[Work to be completed] Pictures must be dropped from the copy of the entries below; all else is returned exactly.
BEGIN Data supplied
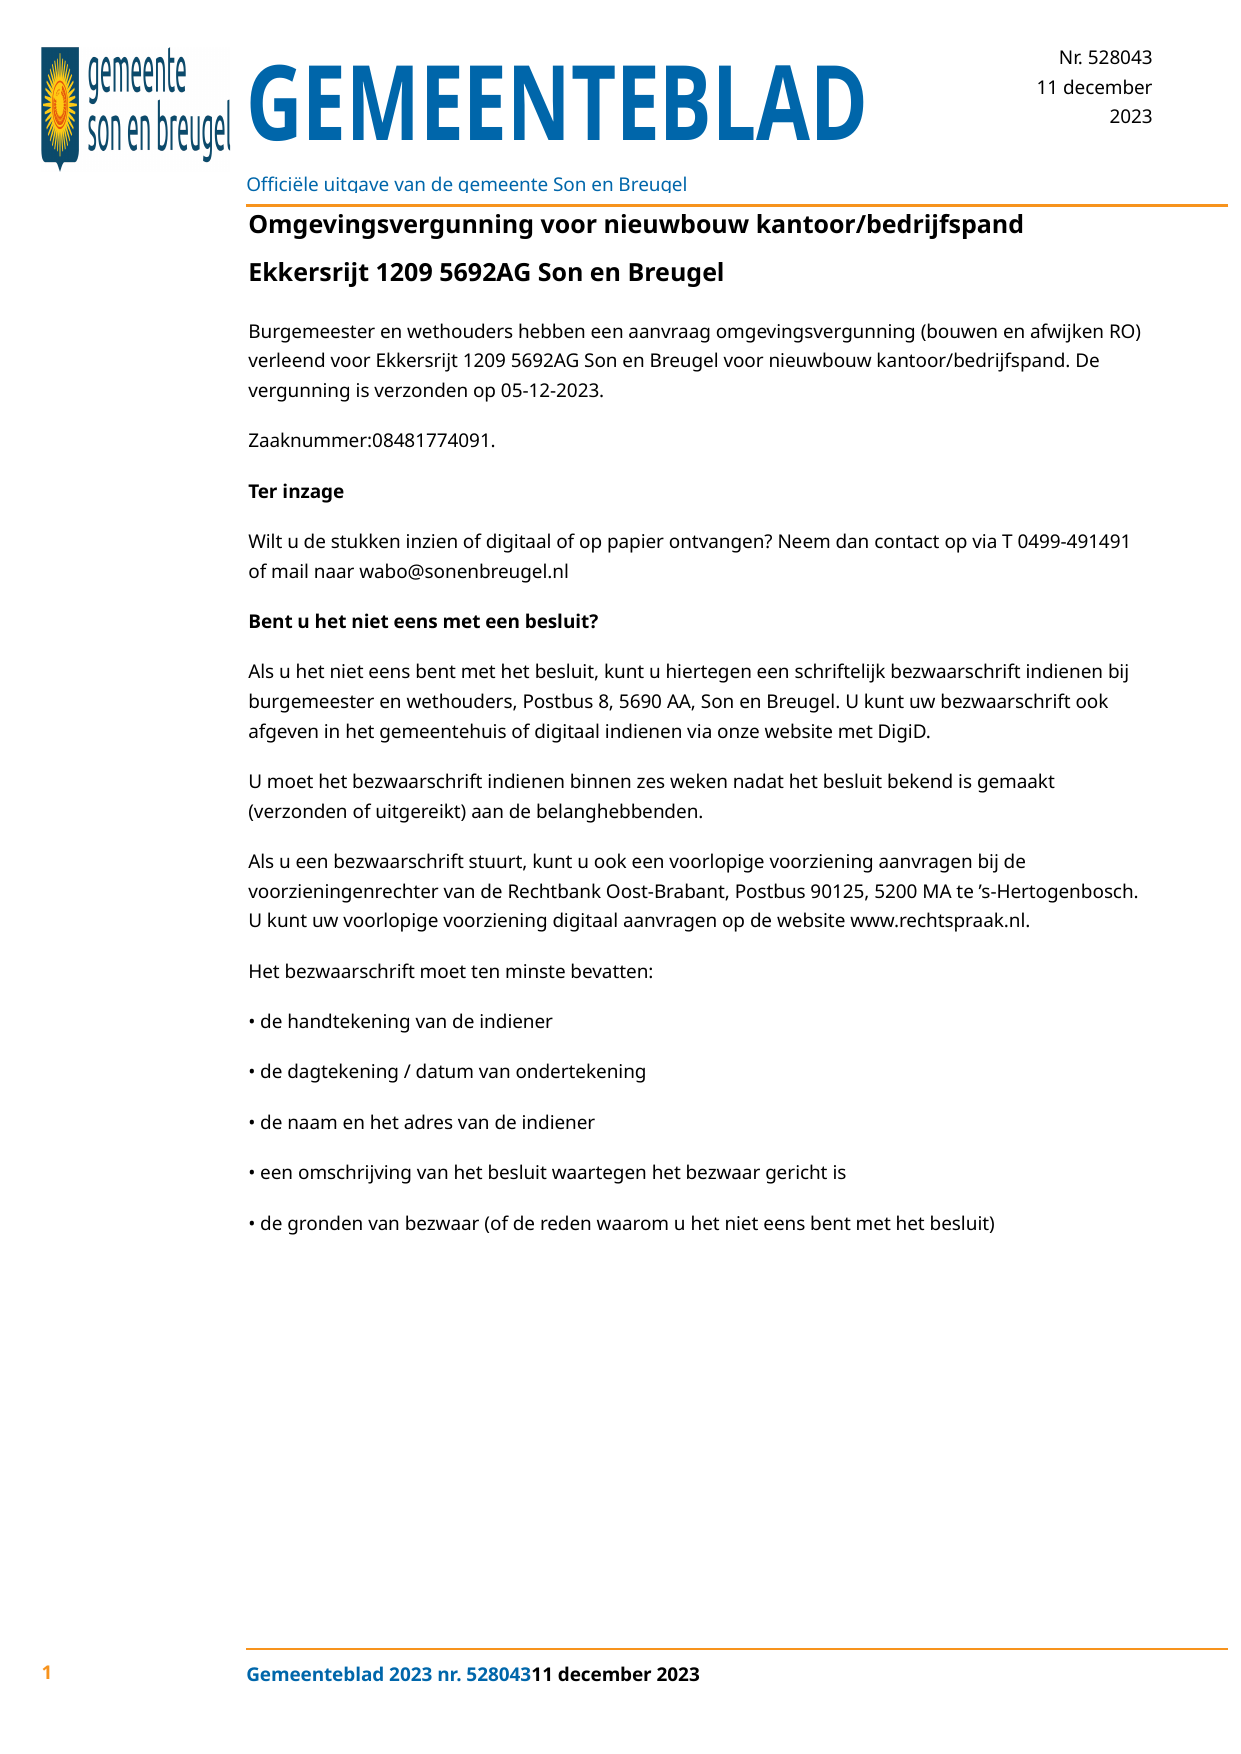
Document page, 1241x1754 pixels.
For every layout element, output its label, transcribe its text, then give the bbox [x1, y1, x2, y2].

text Zaaknummer:08481774091. [248, 427, 1152, 453]
text Als u het niet eens bent met het besluit, kunt u hiertegen een schriftelijk bezwaarschrift indienen bij burgemeester en wethouders, Postbus 8, 5690 AA, Son en Breugel. U kunt uw bezwaarschrift ook afgeven in het gemeentehuis of digitaal indienen via onze website met DigiD. [248, 659, 1152, 744]
text Bent u het niet eens met een besluit? [248, 608, 1152, 634]
text • de handtekening van de indiener [248, 1008, 1152, 1034]
text • een omschrijving van het besluit waartegen het bezwaar gericht is [248, 1159, 1152, 1185]
text Het bezwaarschrift moet ten minste bevatten: [248, 958, 1152, 984]
text Wilt u de stukken inzien of digitaal of op papier ontvangen? Neem dan contact op via T 0499-491491 of mail naar wabo@sonenbreugel.nl [248, 528, 1152, 584]
text • de naam en het adres van de indiener [248, 1109, 1152, 1135]
text Ter inzage [248, 478, 1152, 504]
text • de gronden van bezwaar (of de reden waarom u het niet eens bent met het besluit) [248, 1210, 1152, 1236]
text Burgemeester en wethouders hebben een aanvraag omgevingsvergunning (bouwen en afwijken RO) verleend voor Ekkersrijt 1209 5692AG Son en Breugel voor nieuwbouw kantoor/bedrijfspand. De vergunning is verzonden op 05-12-2023. [248, 318, 1152, 403]
picture [41, 47, 231, 172]
text U moet het bezwaarschrift indienen binnen zes weken nadat het besluit bekend is gemaakt (verzonden of uitgereikt) aan de belanghebbenden. [248, 768, 1152, 824]
text • de dagtekening / datum van ondertekening [248, 1059, 1152, 1084]
text Omgevingsvergunning voor nieuwbouw kantoor/bedrijfspand Ekkersrijt 1209 5692AG Son en Breugel [248, 207, 1152, 288]
text Als u een bezwaarschrift stuurt, kunt u ook een voorlopige voorziening aanvragen bij de voorzieningenrechter van de Rechtbank Oost-Brabant, Postbus 90125, 5200 MA te ’s-Hertogenbosch. U kunt uw voorlopige voorziening digitaal aanvragen op de website www.rechtspraak.nl. [248, 848, 1152, 933]
END Data supplied
[Problem solution]
Document page, 1241x1754 pixels.
For every layout element, output its label, transcribe its text, then give the bbox [x1, y1, x2, y2].

text Zaaknummer:08481774091. [248, 427, 1152, 453]
text Als u het niet eens bent met het besluit, kunt u hiertegen een schriftelijk bezwaarschrift indienen bij burgemeester en wethouders, Postbus 8, 5690 AA, Son en Breugel. U kunt uw bezwaarschrift ook afgeven in het gemeentehuis of digitaal indienen via onze website met DigiD. [248, 659, 1152, 744]
text Bent u het niet eens met een besluit? [248, 608, 1152, 634]
text • de handtekening van de indiener [248, 1008, 1152, 1034]
text • een omschrijving van het besluit waartegen het bezwaar gericht is [248, 1159, 1152, 1185]
text Het bezwaarschrift moet ten minste bevatten: [248, 958, 1152, 984]
text Wilt u de stukken inzien of digitaal of op papier ontvangen? Neem dan contact op via T 0499-491491 of mail naar wabo@sonenbreugel.nl [248, 528, 1152, 584]
text • de naam en het adres van de indiener [248, 1109, 1152, 1135]
text Ter inzage [248, 478, 1152, 504]
text • de gronden van bezwaar (of de reden waarom u het niet eens bent met het besluit) [248, 1210, 1152, 1236]
text Burgemeester en wethouders hebben een aanvraag omgevingsvergunning (bouwen en afwijken RO) verleend voor Ekkersrijt 1209 5692AG Son en Breugel voor nieuwbouw kantoor/bedrijfspand. De vergunning is verzonden op 05-12-2023. [248, 318, 1152, 403]
picture [41, 47, 231, 172]
text U moet het bezwaarschrift indienen binnen zes weken nadat het besluit bekend is gemaakt (verzonden of uitgereikt) aan de belanghebbenden. [248, 768, 1152, 824]
text • de dagtekening / datum van ondertekening [248, 1059, 1152, 1084]
text Omgevingsvergunning voor nieuwbouw kantoor/bedrijfspand Ekkersrijt 1209 5692AG Son en Breugel [248, 207, 1152, 288]
text Als u een bezwaarschrift stuurt, kunt u ook een voorlopige voorziening aanvragen bij de voorzieningenrechter van de Rechtbank Oost-Brabant, Postbus 90125, 5200 MA te ’s-Hertogenbosch. U kunt uw voorlopige voorziening digitaal aanvragen op de website www.rechtspraak.nl. [248, 848, 1152, 933]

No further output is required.